445 A.2d 1153, 89 N.J. 294, 30 A.L.R. 4th 940, 1982 N.J. LEXIS 1907
CourtSupreme Court of New Jersey
DecidedMay 18, 1982
StatusPublished
Cited by107 cases

This text of 445 A.2d 1153 (Lyon v. Barrett) is published on Counsel Stack Legal Research, covering Supreme Court of New Jersey primary law. Counsel Stack provides free access to over 12 million legal documents including statutes, case law, regulations, and constitutions.

Bluebook
Lyon v. Barrett, 445 A.2d 1153, 89 N.J. 294, 30 A.L.R. 4th 940, 1982 N.J. LEXIS 1907 (N.J. 1982).

Opinion

The opinion of the Court was delivered by

*298 POLLOCK, J.

Plaintiff Wendi Lee Lyon, a legal secretary, fell and sustained injuries while employed by Leo J. Barrett, P.A., a professional law corporation owned by defendant, Leo J. Barrett. The injury occurred in a building owned by Barrett individually and rented by him to his corporation and other tenants. Lyon received workers’ compensation benefits from Leo J. Barrett, P.A. Thereafter, she instituted a third party negligence action pursuant to N.J.S.A. 34:15-40 against Barrett individually as landlord of the building. The issue is whether an employee who has recovered a workers’ compensation award against a corporate employer may maintain such a negligence action for the same injuries against the individual who is the sole shareholder of the corporation.

The trial court granted Barrett’s motion for summary judgment on the ground that Lyon’s election to receive workers’ compensation benefits barred her negligence action. The Appellate Division affirmed. We granted certification, 87 N.J. 417 (1981) (erroneously reported as “certification denied”), and we now reverse and remand the matter for trial.

I

On March 31, 1978, in the regular course of her employment, Lyon was injured in a fall while descending a stairway to a common basement storage area. She filed a workers’ compensation claim against the corporation and received an award for temporary and permanent disability. Lyon then instituted a civil action against Barrett alleging that he negligently maintained his building. He denied negligence and asserted that Lyon could not recover damages from him because she had elected to receive workers’ compensation benefits from his corporation. He argued that under N.J.S.A. 34:15-8 this election barred any further remedy against him and that he and the corporation should be considered as a “unitary employer-entity.” He claimed that, as part of such an entity, he was not a “third *299 person” outside the employer-employee relationship against whom suit could be brought. See N.J.S.A. 34:15-40 (preserving the right of an injured worker to bring suit against any “third person ... liable to the employee or his dependents for an injury or death” and providing that the employee’s right to compensation benefits from the employer “shall not operate as a bar to the action”).

In granting Barrett’s motion for summary judgment, the trial court concluded that there was no difference between Barrett as an individual and Leo J. Barrett, P.A. Therefore, the court held that the statutory immunity from suit provided to the corporation should extend also to Barrett. In an unreported per curiam decision, the Appellate Division affirmed.

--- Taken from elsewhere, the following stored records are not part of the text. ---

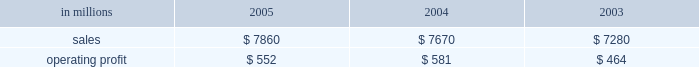Were more than offset by higher raw material and energy costs ( $ 312 million ) , increased market related downtime ( $ 187 million ) and other items ( $ 30 million ) .
Com- pared with 2003 , higher 2005 earnings in the brazilian papers , u.s .
Coated papers and u.s .
Market pulp busi- nesses were offset by lower earnings in the u.s .
Un- coated papers and the european papers businesses .
The printing papers segment took 995000 tons of downtime in 2005 , including 540000 tons of lack-of-order down- time to align production with customer demand .
This compared with 525000 tons of downtime in 2004 , of which 65000 tons related to lack-of-orders .
Printing papers in millions 2005 2004 2003 .
Uncoated papers sales totaled $ 4.8 billion in 2005 compared with $ 5.0 billion in 2004 and 2003 .
Sales price realizations in the united states averaged 4.4% ( 4.4 % ) higher in 2005 than in 2004 , and 4.6% ( 4.6 % ) higher than 2003 .
Favorable pricing momentum which began in 2004 carried over into the beginning of 2005 .
Demand , however , began to weaken across all grades as the year progressed , resulting in lower price realizations in the second and third quarters .
However , prices stabilized as the year ended .
Total shipments for the year were 7.2% ( 7.2 % ) lower than in 2004 and 4.2% ( 4.2 % ) lower than in 2003 .
To continue matching our productive capacity with customer demand , the business announced the perma- nent closure of three uncoated freesheet machines and took significant lack-of-order downtime during the period .
Demand showed some improvement toward the end of the year , bolstered by the introduction our new line of vision innovation paper products ( vip technologiestm ) , with improved brightness and white- ness .
Mill operations were favorable compared to last year , and the rebuild of the no .
1 machine at the east- over , south carolina mill was completed as planned in the fourth quarter .
However , the favorable impacts of improved mill operations and lower overhead costs were more than offset by record high input costs for energy and wood and higher transportation costs compared to 2004 .
The earnings decline in 2005 compared with 2003 was principally due to lower shipments , higher down- time and increased costs for wood , energy and trans- portation , partially offset by lower overhead costs and favorable mill operations .
Average sales price realizations for our european operations remained relatively stable during 2005 , but averaged 1% ( 1 % ) lower than in 2004 , and 6% ( 6 % ) below 2003 levels .
Sales volumes rose slightly , up 1% ( 1 % ) in 2005 com- pared with 2004 and 5% ( 5 % ) compared to 2003 .
Earnings were lower than in 2004 , reflecting higher wood and energy costs and a compression of margins due to un- favorable foreign currency exchange movements .
Earn- ings were also adversely affected by downtime related to the rebuild of three paper machines during the year .
Coated papers sales in the united states were $ 1.6 bil- lion in 2005 , compared with $ 1.4 billion in 2004 and $ 1.3 billion in 2003 .
The business reported an operating profit in 2005 versus a small operating loss in 2004 .
The earnings improvement was driven by higher average sales prices and improved mill operations .
Price realiza- tions in 2005 averaged 13% ( 13 % ) higher than 2004 .
Higher input costs for raw materials and energy partially offset the benefits from improved prices and operations .
Sales volumes were about 1% ( 1 % ) lower in 2005 versus 2004 .
Market pulp sales from our u.s .
And european facilities totaled $ 757 million in 2005 compared with $ 661 mil- lion and $ 571 million in 2004 and 2003 , respectively .
Operating profits in 2005 were up 86% ( 86 % ) from 2004 .
An operating loss had been reported in 2003 .
Higher aver- age prices and sales volumes , lower overhead costs and improved mill operations in 2005 more than offset in- creases in raw material , energy and chemical costs .
U.s .
Softwood and hardwood pulp prices improved through the 2005 first and second quarters , then declined during the third quarter , but recovered somewhat toward year end .
Softwood pulp prices ended the year about 2% ( 2 % ) lower than 2004 , but were 15% ( 15 % ) higher than 2003 , while hardwood pulp prices ended the year about 15% ( 15 % ) higher than 2004 and 10% ( 10 % ) higher than 2003 .
U.s .
Pulp sales volumes were 12% ( 12 % ) higher than in 2004 and 19% ( 19 % ) higher than in 2003 , reflecting increased global demand .
Euro- pean pulp volumes increased 15% ( 15 % ) and 2% ( 2 % ) compared with 2004 and 2003 , respectively , while average sales prices increased 4% ( 4 % ) and 11% ( 11 % ) compared with 2004 and 2003 , respectively .
Brazilian paper sales were $ 684 million in 2005 com- pared with $ 592 million in 2004 and $ 540 million in 2003 .
Sales volumes for uncoated freesheet paper , coated paper and wood chips were down from 2004 , but average price realizations improved for exported un- coated freesheet and coated groundwood paper grades .
Favorable currency translation , as yearly average real exchange rates versus the u.s .
Dollar were 17% ( 17 % ) higher in 2005 than in 2004 , positively impacted reported sales in u.s .
Dollars .
Average sales prices for domestic un- coated paper declined 4% ( 4 % ) in local currency versus 2004 , while domestic coated paper prices were down 3% ( 3 % ) .
Operating profits in 2005 were down 9% ( 9 % ) from 2004 , but were up 2% ( 2 % ) from 2003 .
Earnings in 2005 were neg- atively impacted by a weaker product and geographic sales mix for both uncoated and coated papers , reflecting increased competition and softer demand , particularly in the printing , commercial and editorial market segments. .
What was the percent of the increase in the sales of uncoated papers from 2004 to 2005 in billions? 
Computations: (4.8 - 5.0)
Answer: -0.2.

Both lower courts relied on Seltzer v. Isaacson, 147 N.J.Super. 308 (App.Div.1977), in which a dental assistant, after recovering a workers’ compensation judgment against her employer, a one-man corporation, sued the dentist for assault and battery. The Appellate Division affirmed dismissal of her suit because it perceived the dentist and his corporation as comprising a “unitary employer-entity” against which the “employee should be limited to one recovery.” Id. at 314.

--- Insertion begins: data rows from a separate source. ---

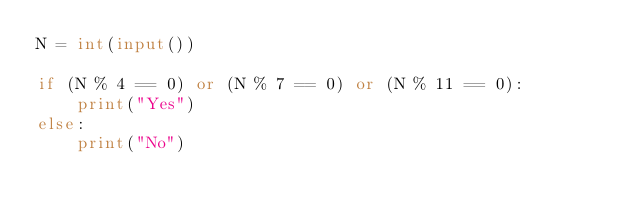<code> <loc_0><loc_0><loc_500><loc_500><_Python_>N = int(input())

if (N % 4 == 0) or (N % 7 == 0) or (N % 11 == 0):
    print("Yes")
else:
    print("No")</code> 
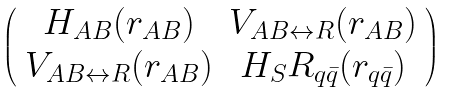Convert formula to latex. <formula><loc_0><loc_0><loc_500><loc_500>\left ( \begin{array} { c c } H _ { A B } ( r _ { A B } ) & V _ { A B \leftrightarrow R } ( r _ { A B } ) \\ V _ { A B \leftrightarrow R } ( r _ { A B } ) & H _ { S } { R _ { q \bar { q } } } ( r _ { q \bar { q } } ) \end{array} \right )</formula>

In the present case, the Appellate Division declined to adopt the “dual capacity” doctrine, under which an employer may be independently liable for damages in tort as well as workers’ compensation benefits. The doctrine permits double liability when the employer is sued for breach of a duty arising out of a separate relationship to the employee. For example, dual capacity liability may exist when an employer who is a physician commits malpractice while rendering treatment to an employee injured on the job or when the employer is a landowner who, by maintaining the work place in an unsafe condition, contributes to the happening of the accident. The thrust of the doctrine is to deny the shield of the immunity provisions of the workers’ compensation statute to the landowner or treating physician who also happens to be the employer. Kelly, “Workmen’s *300 Compensation and Employer Suability: The Dual Capacity Doctrine,” 5 St Mary’s L. J. 818 (1974). Other jurisdictions have divided on whether to impose liability on an employer for omissions or acts committed in an alternate capacity. Compare Marcus v. Green, 13 Ill.App.3d 699, 300 N.E.2d 512 (1973) (imposing dual liability on an employer-landowner) with Billy v. Consolidated Machine Tool Corp., 51 N.Y.2d 152, 159, 432 N.Y.S.2d 879, 883, 412 N.E.2d 934, 939 (1980) (rejecting argument that employer-landowner should be treated “as a dual legal personality, ‘a sort of Dr. Jekyl and Mr. Hyde’ ”), and Delamotte v. Unit Cast Division of Midland Ross, 64 Ohio App.2d 159, 411 N.E.2d 814 (1978) (imposing dual liability on employer-treating physician) with Trotter v. Litton Systems, 370 So.2d 244 (Miss.1979) (holding that a physician-employer cannot be liable for more than one recovery under any circumstances). Because of our conclusion that Barrett and his corporation are two separate entities, we need not decide the validity of the dual capacity doctrine in this case.

II

Our analysis begins with the basic premise that a corporation is an entity separate from its stockholders. In the absence of fraud or injustice, courts generally will not pierce the corporate veil to impose liability on the corporate principals. Frank v. Frank’s, Inc., 9 N.J. 218, 224 (1952); see, e.g., Kugler v. Koscot Interplanetary, Inc., 120 N.J.Super. 216, 253-54 (Ch.Div. 1972); Yacker v. Weiner, 109 N.J.Super. 351, 356 (Ch.Div.1970), aff’d o.b., 114 N.J.Super. 526 (App.Div.1971).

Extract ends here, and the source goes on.